Monitoring thoracic fluid content using bioelectrical impedance spectroscopy and Cole modeling
Heart failure is a chronic disease marked by frequent hospitalizations due to pulmonary fluid congestion. Monitoring the thoracic fluid status may favor the detection of fluid congestion in an early stage and enable targeted preventive measures. Bioelectrical impedance spectroscopy (BIS) has been used in combination with the Cole model for monitoring body composition including fluid status. The model parameters reflect intracellular and extracellular fluid volume as well as cell sizes, types and interactions. Transthoracic BIS may be a suitable approach to monitoring variations in thoracic fluid content.
The aim of this study was to identify BIS measures, which can be derived based on the Cole model, that are sensitive to early stages of thoracic fluid accumulation. We simulated this medical condition in healthy subjects by shifting a part of the whole blood from the periphery towards the thorax. The redistribution of blood was achieved non-invasively through leg compression using inflatable leg sleeves. We acquired BIS data before, during and after compression of the legs and examined the effect of thoracic fluid variations on parameters derived based on the Cole model and on geometrical properties of the impedance arc. Indicator dilution measurements obtained through cardiac magnetic resonance imaging were used as a reference for the changes in pulmonary fluid volume.

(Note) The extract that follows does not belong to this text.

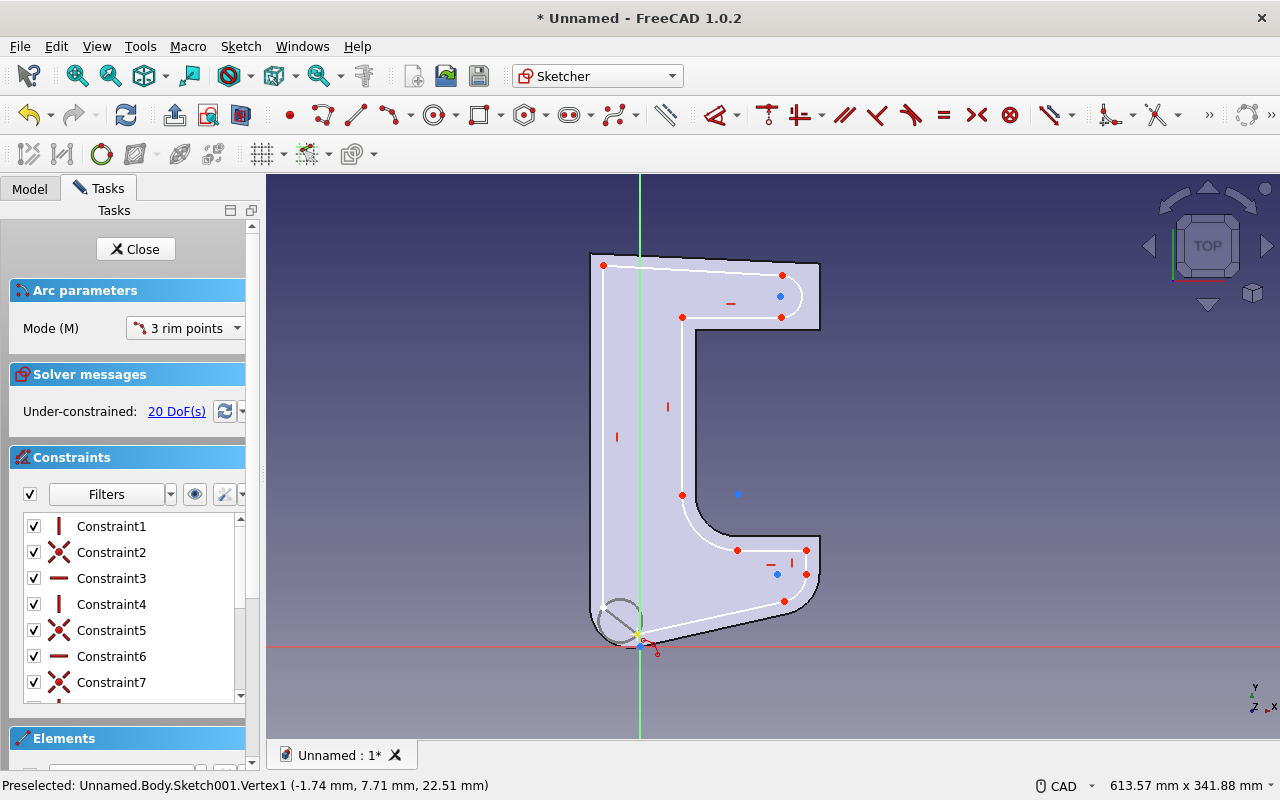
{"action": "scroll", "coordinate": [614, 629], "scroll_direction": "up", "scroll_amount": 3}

Eight healthy subjects were included in the study. The Cole model parameters of the study group at baseline were: R0 = 51.4 ± 6.7 Ω, R∞ = 25.0 ± 7.0 Ω, fc = 49.0 ± 10.5 kHz, α = 0.687 ± 0.027, the resistances of individual fluid compartments were RE = 51.4 ± 6.7 Ω, RI = 50.5 ± 22.9 Ω, the fluid distribution ratio was K = 1.1 ± 0.3, and the radius, area and depression of the arc’s center were: R = 15.7 ± 1.3 Ω, XC = −8.5 ± 1.5 Ω, A = 134.0 ± 15.6 Ω2. The effect of leg compression was a relatively small, reversible increase in pulmonary blood volume of 90 ± 57 mL. We observed significant changes in parameters associated with intracellular, extracellular and total fluid volume (R0: -1.5 ± 0.9 %, p < 0.01; R∞: −2.1 ± 1.1, p < 0.01; RI: −2.6 ± 1.6 %, p < 0.01), and in the arc’s geometrical properties (R: -1.6 ± 1.3 %, p < 0.05; XC: −1.7 ± 1.5 %, p < 0.05, A: −2.9 ± 1.2 %, p < 0.01). K and the parameters associated with tissue structure fc and α remained stable.

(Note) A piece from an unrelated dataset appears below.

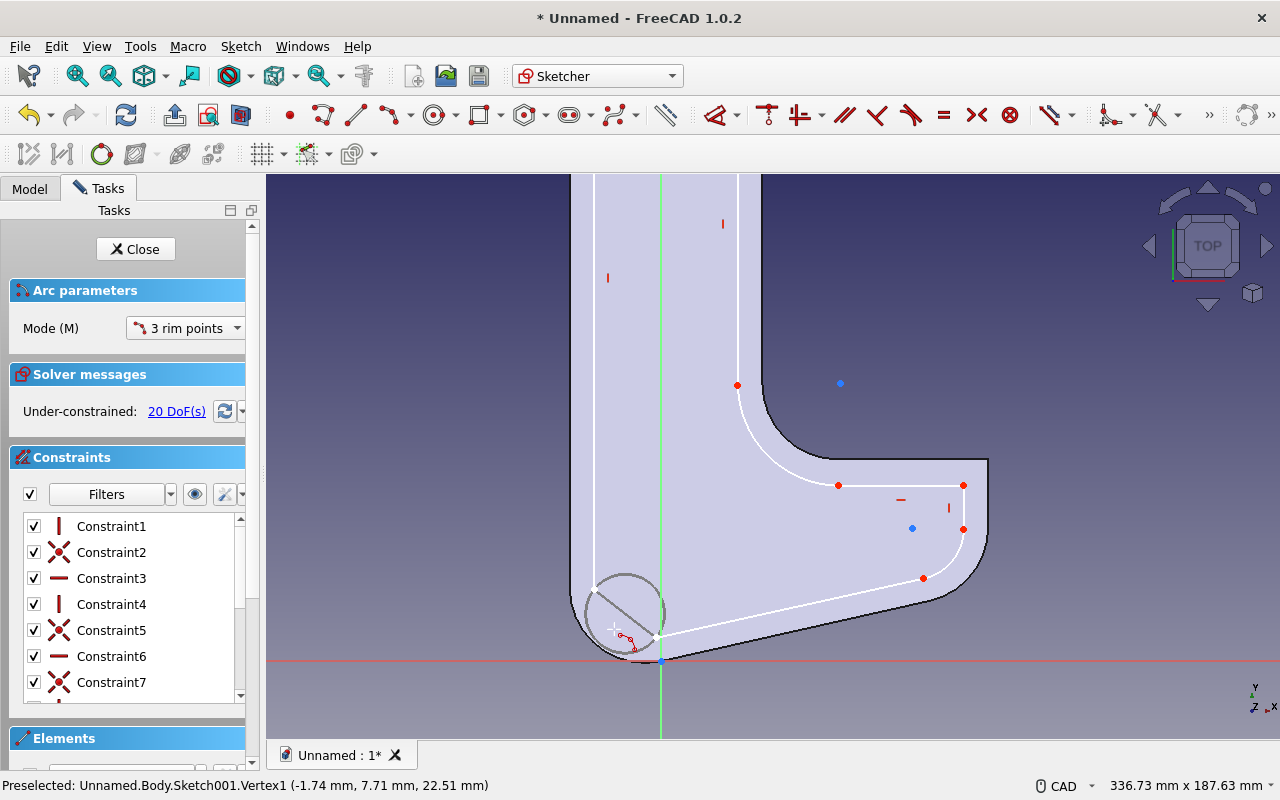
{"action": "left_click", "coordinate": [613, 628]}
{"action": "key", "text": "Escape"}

Transthoracic BIS is sensitive to small variations in intra-thoracic blood volume, in particular the resistances of fluid compartments and the geometric properties of the impedance arc. Taken together with previous studies, our findings suggest that R0 may be a suitable parameter to monitor congestion. Use of additional parameters such as RI, K, XC, fc and α may enable the discrimination between different types and stages of thoracic fluid accumulation and should be the focus of future research.